One of the more challenging situations we encounter (in our very small shop) is deploying new versions of software smoothly. I hear a lot about one-click deployment, build automation, and continuous integration, but I'd like to learn more.

Perhaps one or more of the following topics could be discussed:

  • Package management (OK, maybe the NuGet answer covers this)
  • Build servers/build automation
  • Configuration file/connection string management
  • One-click deployment/'Continuous Deployment'
  • Database versioning/upgrading to newer schema/downgrading to older schema
5
  • I like this topic there are a lot of things that can be explored, and it is not as mundane as some may think. Commented Apr 21, 2011 at 3:30
  • @BrianLy - Thanks! After all, what good is fancy software if you have trouble deploying it ;-) Commented Apr 21, 2011 at 4:00
  • 1
    WIX! I would love to see some love for WIX!
    – Jeff Yates
    Commented May 9, 2011 at 12:36
  • RedGate SQL Source Control FTW!
    – mrankin
    Commented May 14, 2011 at 2:40
  • I'd love to see some coverage of the excellent Fabric tool for Python deployment. Commented Jun 28, 2011 at 9:24
87

Leaving the mothership

I'd like to hear from people who left their day job and started a one-man-shop or a bigger company. What's the important stuff to get right? War stories would be great. An entertaining break from the technical side of programming.

8
  • 3
    Perhaps we could hear about talking to corporate, approving memos, leading workshops, remembering birthdays, micromanagement, and promoting synergy. Like a boss. Commented Apr 25, 2011 at 7:09
  • @Pandincus: Hehe, I meant starting for yourself, not becoming a pointy haired boss :)
    – Andomar
    Commented Apr 25, 2011 at 7:17
  • @Andomar - I know, I was just kidding ;-) I like the topic idea. Commented Apr 25, 2011 at 7:34
  • 1
    If I'm out on my own, who will I submit my TPS report to?!
    – spoulson
    Commented May 3, 2011 at 21:04
  • 1
    Or even turning your job into an internal "one man shop" - sometimes the corporate life can be more livable if you work more like an entrepreneur.
    – AnonJr
    Commented May 5, 2011 at 0:43
  • 2
    I think this and other similar topics would be good for a "Business of software, lite" - but perhaps not for a devdays. I think the goal is technical topics.
    – tim
    Commented May 10, 2011 at 14:42
  • 1
    You could ask Leon the SecretGeek, he has done this and speaks on the subject
    – MarkJ
    Commented May 31, 2011 at 9:12
  • I've started my own company with my Brother(Programmer) and Dad(PM) building iPhone apps, Web apps, and interactive (openFrameworks etc). It was inspired heavily from the management episode of this developers life. We're about halfway to breaking even in 3-6 months. Would love to help anyone else who was in the position I was (Stuck in dedicated project management). Could probably put together a little talk on it all, maybe share the spot with a few others that have done the same? Commented Jun 21, 2011 at 15:09
82

Scalability

How to design web applications for scalability. Things to avoid in order to not shoot yourself in the foot later. Using "The Cloud" (Amazon EC2, etc.).

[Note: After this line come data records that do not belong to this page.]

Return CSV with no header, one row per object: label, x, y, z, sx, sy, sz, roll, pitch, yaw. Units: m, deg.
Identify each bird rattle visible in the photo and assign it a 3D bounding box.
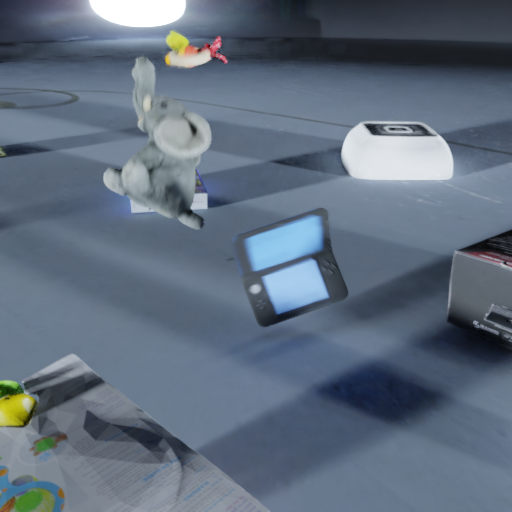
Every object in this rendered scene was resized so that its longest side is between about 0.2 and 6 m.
bird rattle,-0.860,-2.720,7.661,0.852,0.480,0.695,16,40,11

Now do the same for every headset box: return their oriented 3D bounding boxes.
headset box,3.704,0.400,6.532,2.644,1.021,1.968,-18,26,-35

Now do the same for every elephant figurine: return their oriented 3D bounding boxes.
elephant figurine,-1.279,-1.665,8.207,1.382,1.954,1.516,18,-11,40

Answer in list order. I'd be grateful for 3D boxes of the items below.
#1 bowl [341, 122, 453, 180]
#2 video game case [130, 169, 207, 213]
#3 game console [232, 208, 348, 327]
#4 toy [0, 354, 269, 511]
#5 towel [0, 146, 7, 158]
bowl,3.259,-2.534,13.068,2.410,0.901,2.413,1,25,1
video game case,-1.774,-1.304,11.111,1.431,0.359,1.579,-5,26,-11
game console,0.430,0.155,6.696,1.206,1.029,0.713,-19,-16,-6
toy,-1.405,1.843,4.339,2.744,0.648,1.580,25,38,38
towel,-6.836,-2.635,13.995,0.961,0.236,1.295,-14,29,-29
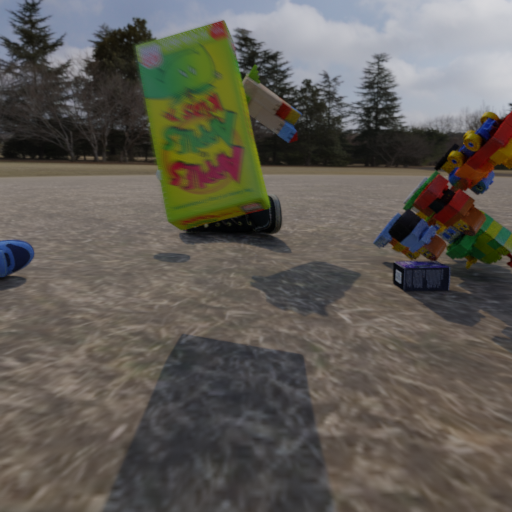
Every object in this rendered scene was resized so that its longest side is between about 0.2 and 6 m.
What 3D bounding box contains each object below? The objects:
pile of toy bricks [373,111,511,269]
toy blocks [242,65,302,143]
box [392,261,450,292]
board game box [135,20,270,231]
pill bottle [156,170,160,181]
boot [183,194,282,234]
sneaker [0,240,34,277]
[{"bbox_3d":[3.566,-0.527,9.512,1.994,2.241,4.039,38,-13,6],"label":"pile of toy bricks"},{"bbox_3d":[0.328,-3.675,13.996,1.799,1.315,2.632,33,17,-13],"label":"toy blocks"},{"bbox_3d":[2.570,0.312,8.736,0.729,0.380,0.539,-2,10,-5],"label":"box"},{"bbox_3d":[-0.757,-1.817,7.875,1.338,2.633,0.627,-13,-10,7],"label":"board game box"},{"bbox_3d":[-2.019,-1.827,13.366,0.493,0.493,0.847,-8,31,-35],"label":"pill bottle"},{"bbox_3d":[-0.685,-0.970,14.039,2.089,0.999,2.766,-7,7,-20],"label":"boot"},{"bbox_3d":[-4.427,0.154,9.117,1.647,0.609,0.677,-16,20,-33],"label":"sneaker"}]

Maybe off-topic for Stack Overflow.. perhaps more Server Fault related, but figured I'd throw it out there and let the community decide.

79

Android Development

Honeycomb, Android on tablets, etc.

74

Programming Best Practices

While a lot of folks on Stack Overflow are experienced developers, I'm sure there's quite a few who are newcomers to the field and are still learning. A good topic might be an overview of some industry best practices to make the event more open to newcomers, and to perhaps give folks still in school some insights into real world problems/solutions which they might not normally learn at school.

A quick list of things that spring to mind:

  • SQL injection - What is it? Why is it bad? How to prevent it?
  • Version control - Why you should use it, systems available, single vs distributed, etc.
  • Internationalization - Unicode, why it's not as simple as it first seems, etc.
  • Encryption - Why it's bad to roll your own, etc.
  • Unit testing - Why it's important, how it helps, etc.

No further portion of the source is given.